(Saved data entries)
□ □ □

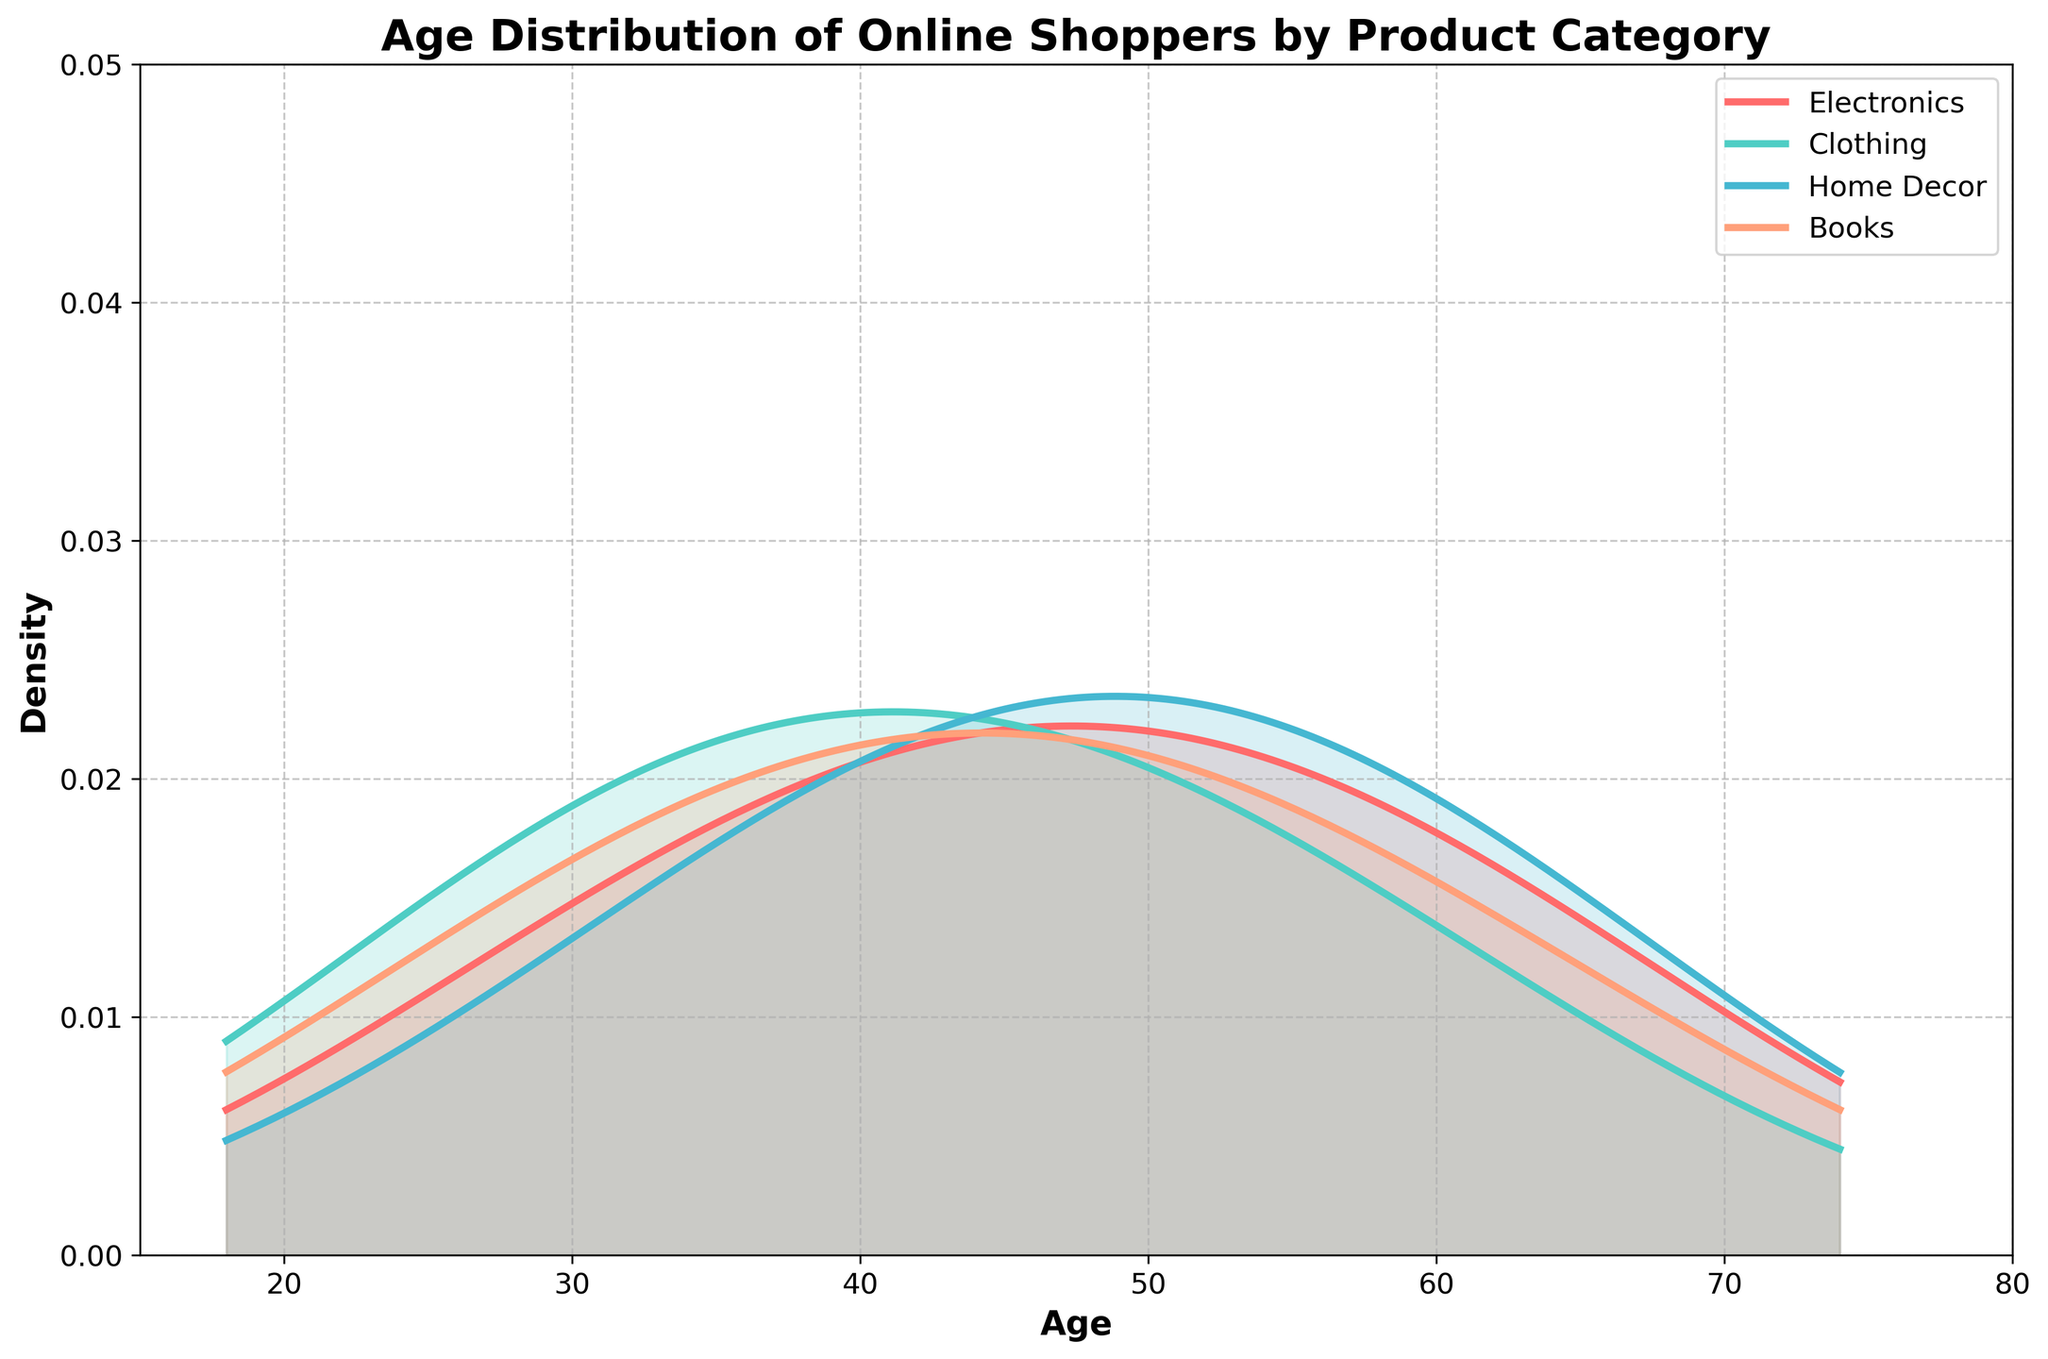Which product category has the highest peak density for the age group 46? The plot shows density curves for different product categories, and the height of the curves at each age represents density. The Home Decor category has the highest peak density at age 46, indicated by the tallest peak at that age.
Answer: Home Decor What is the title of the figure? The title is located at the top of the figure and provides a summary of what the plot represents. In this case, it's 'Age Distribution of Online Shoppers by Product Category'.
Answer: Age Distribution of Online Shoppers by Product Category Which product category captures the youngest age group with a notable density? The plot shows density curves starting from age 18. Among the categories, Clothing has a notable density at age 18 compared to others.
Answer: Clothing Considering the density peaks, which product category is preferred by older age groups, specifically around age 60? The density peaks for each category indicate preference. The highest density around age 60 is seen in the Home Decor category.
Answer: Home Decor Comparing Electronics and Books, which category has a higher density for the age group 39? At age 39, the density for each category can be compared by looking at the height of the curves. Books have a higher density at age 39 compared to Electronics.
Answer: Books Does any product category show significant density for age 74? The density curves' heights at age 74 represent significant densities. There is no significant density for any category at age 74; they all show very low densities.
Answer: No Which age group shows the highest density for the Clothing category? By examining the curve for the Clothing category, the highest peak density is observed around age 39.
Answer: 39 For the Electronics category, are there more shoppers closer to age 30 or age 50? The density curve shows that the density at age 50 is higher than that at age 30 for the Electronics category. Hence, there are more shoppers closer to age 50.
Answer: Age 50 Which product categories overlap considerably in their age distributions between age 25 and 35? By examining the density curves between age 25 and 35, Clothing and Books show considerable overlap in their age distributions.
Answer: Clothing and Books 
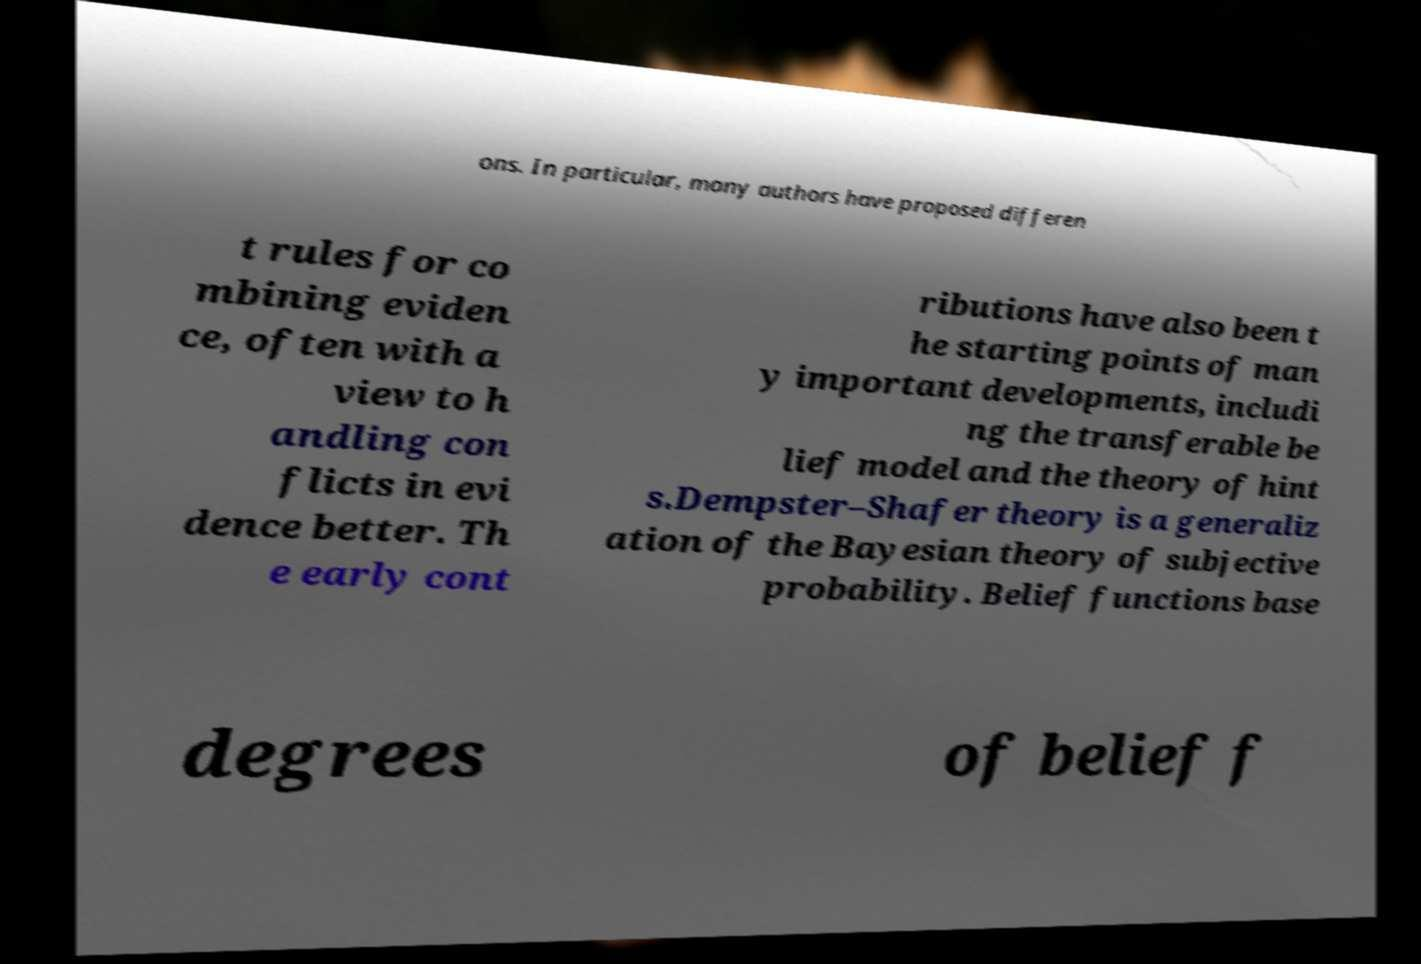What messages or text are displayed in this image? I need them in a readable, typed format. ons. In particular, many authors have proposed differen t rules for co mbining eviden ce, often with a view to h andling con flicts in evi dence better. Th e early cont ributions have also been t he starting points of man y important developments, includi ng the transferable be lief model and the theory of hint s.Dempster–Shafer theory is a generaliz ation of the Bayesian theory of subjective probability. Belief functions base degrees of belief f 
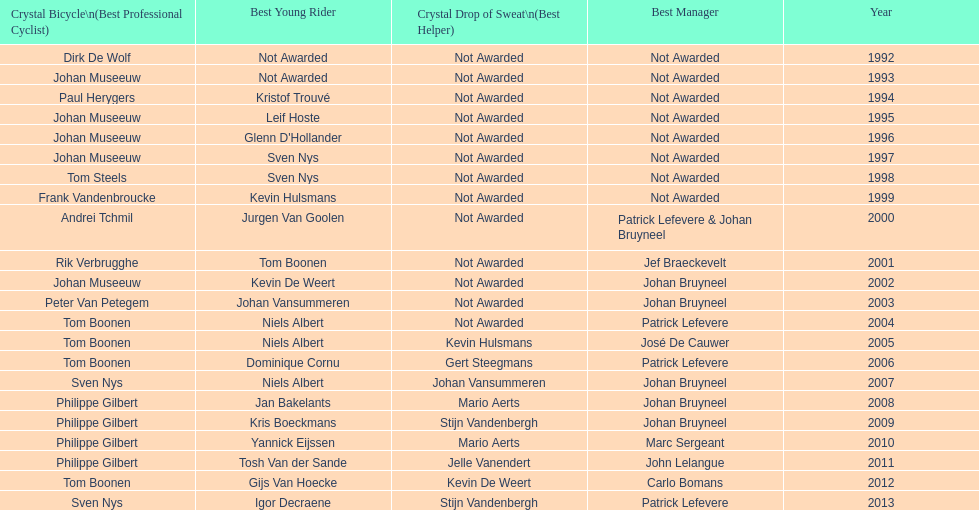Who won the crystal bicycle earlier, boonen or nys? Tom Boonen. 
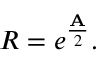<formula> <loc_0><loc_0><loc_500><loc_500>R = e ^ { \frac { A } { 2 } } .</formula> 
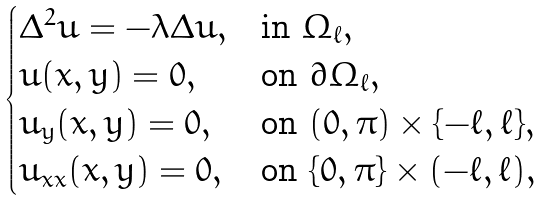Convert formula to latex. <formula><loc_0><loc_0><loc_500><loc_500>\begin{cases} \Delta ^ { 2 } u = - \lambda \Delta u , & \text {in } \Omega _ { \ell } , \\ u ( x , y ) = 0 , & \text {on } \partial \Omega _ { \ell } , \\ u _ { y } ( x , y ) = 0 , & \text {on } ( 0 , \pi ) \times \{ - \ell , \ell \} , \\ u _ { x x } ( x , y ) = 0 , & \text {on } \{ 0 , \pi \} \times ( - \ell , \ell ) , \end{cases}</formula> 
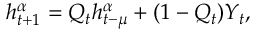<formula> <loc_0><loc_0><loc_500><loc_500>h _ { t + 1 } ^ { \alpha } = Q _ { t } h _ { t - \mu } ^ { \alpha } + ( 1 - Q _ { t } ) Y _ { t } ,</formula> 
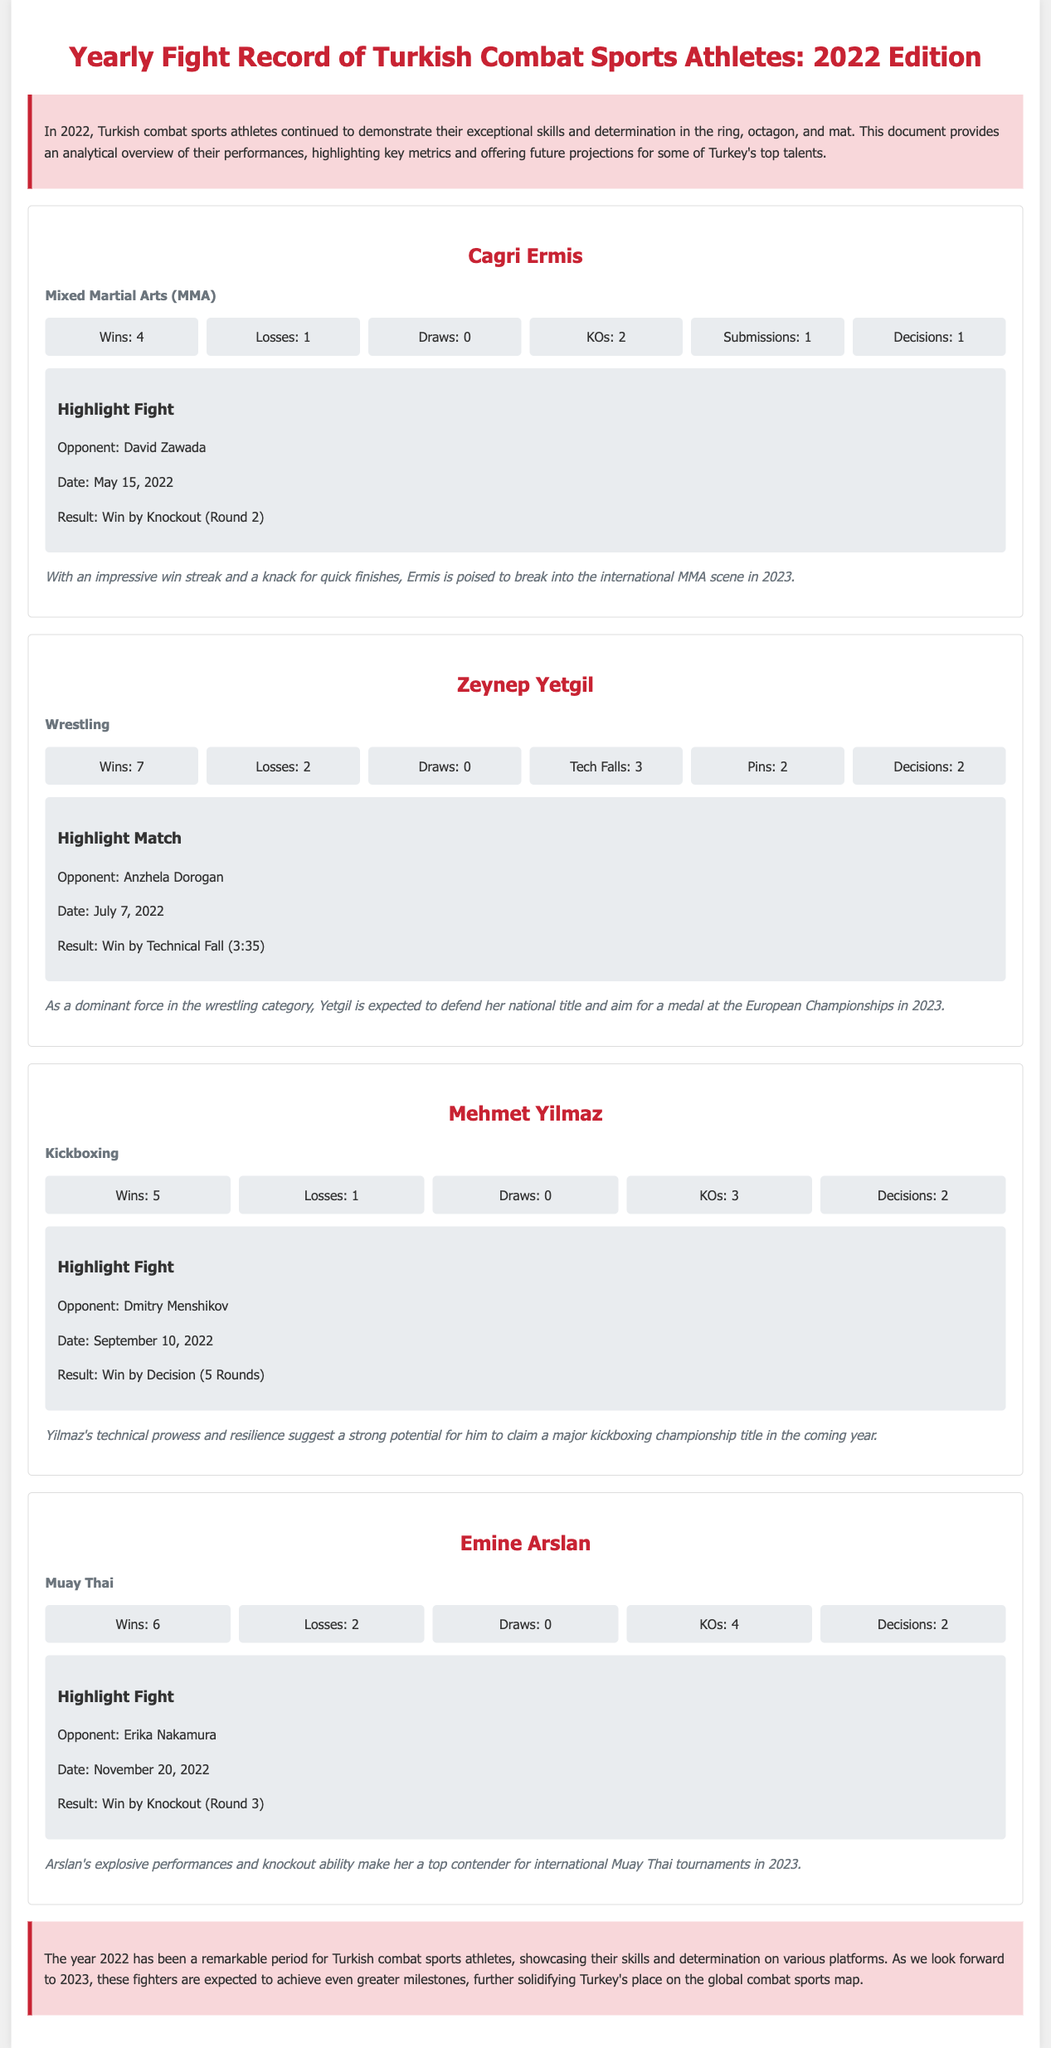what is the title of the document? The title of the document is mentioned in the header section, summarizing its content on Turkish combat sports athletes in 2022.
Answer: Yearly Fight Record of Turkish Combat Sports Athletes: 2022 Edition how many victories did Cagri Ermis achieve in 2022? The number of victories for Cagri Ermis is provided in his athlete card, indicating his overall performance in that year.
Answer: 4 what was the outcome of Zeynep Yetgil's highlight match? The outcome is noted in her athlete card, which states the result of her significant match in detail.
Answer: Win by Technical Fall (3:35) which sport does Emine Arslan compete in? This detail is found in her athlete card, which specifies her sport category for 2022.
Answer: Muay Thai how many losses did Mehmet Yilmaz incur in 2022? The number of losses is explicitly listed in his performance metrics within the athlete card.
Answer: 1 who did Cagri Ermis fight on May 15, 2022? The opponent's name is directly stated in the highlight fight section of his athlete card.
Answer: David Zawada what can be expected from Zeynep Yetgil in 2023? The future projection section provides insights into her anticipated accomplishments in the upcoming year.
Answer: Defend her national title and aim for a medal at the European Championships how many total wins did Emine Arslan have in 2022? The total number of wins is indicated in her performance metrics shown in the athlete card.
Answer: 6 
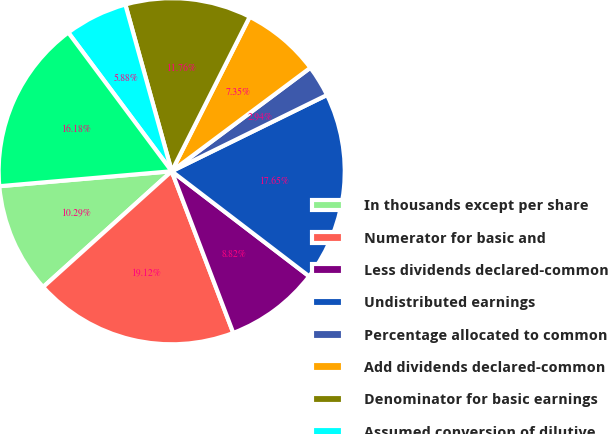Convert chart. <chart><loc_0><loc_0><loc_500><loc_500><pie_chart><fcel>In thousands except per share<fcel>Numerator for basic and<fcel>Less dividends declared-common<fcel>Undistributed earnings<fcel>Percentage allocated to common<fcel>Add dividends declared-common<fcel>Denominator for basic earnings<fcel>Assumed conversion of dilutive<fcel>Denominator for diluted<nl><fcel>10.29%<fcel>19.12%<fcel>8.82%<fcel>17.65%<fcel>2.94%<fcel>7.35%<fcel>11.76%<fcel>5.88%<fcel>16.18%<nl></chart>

□ □ □

**Work instruction:** Whenever a line in the entries above includes the word "highlight", pull that line out.

**Finished exercise:**
Answer: 4 what was the outcome of Zeynep Yetgil's highlight match? The outcome is noted in her athlete card, which states the result of her significant match in detail.
Answer: 1 who did Cagri Ermis fight on May 15, 2022? The opponent's name is directly stated in the highlight fight section of his athlete card.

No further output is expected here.